State the number of lines in the following data that include the word "Task", with no other text.

> _Dataset entries_
━━━━━━━━━━━━━━━━━━━━

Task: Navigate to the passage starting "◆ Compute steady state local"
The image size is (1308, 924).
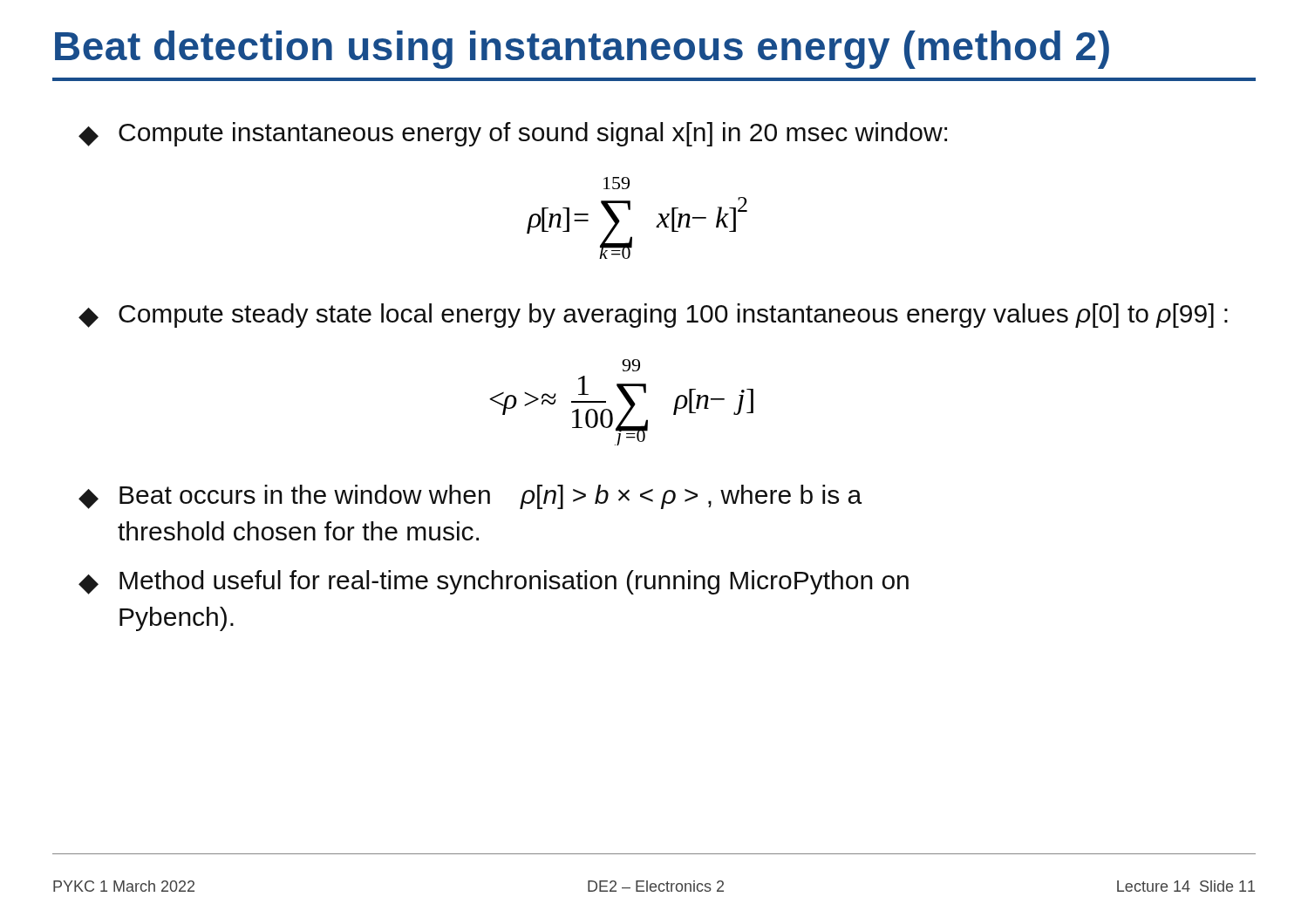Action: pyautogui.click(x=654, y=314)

━━━━━━━━━━━━━━━━━━━━

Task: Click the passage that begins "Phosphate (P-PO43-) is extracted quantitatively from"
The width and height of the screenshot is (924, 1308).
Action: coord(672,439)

━━━━━━━━━━━━━━━━━━━━

> _Answer for this exercise_
2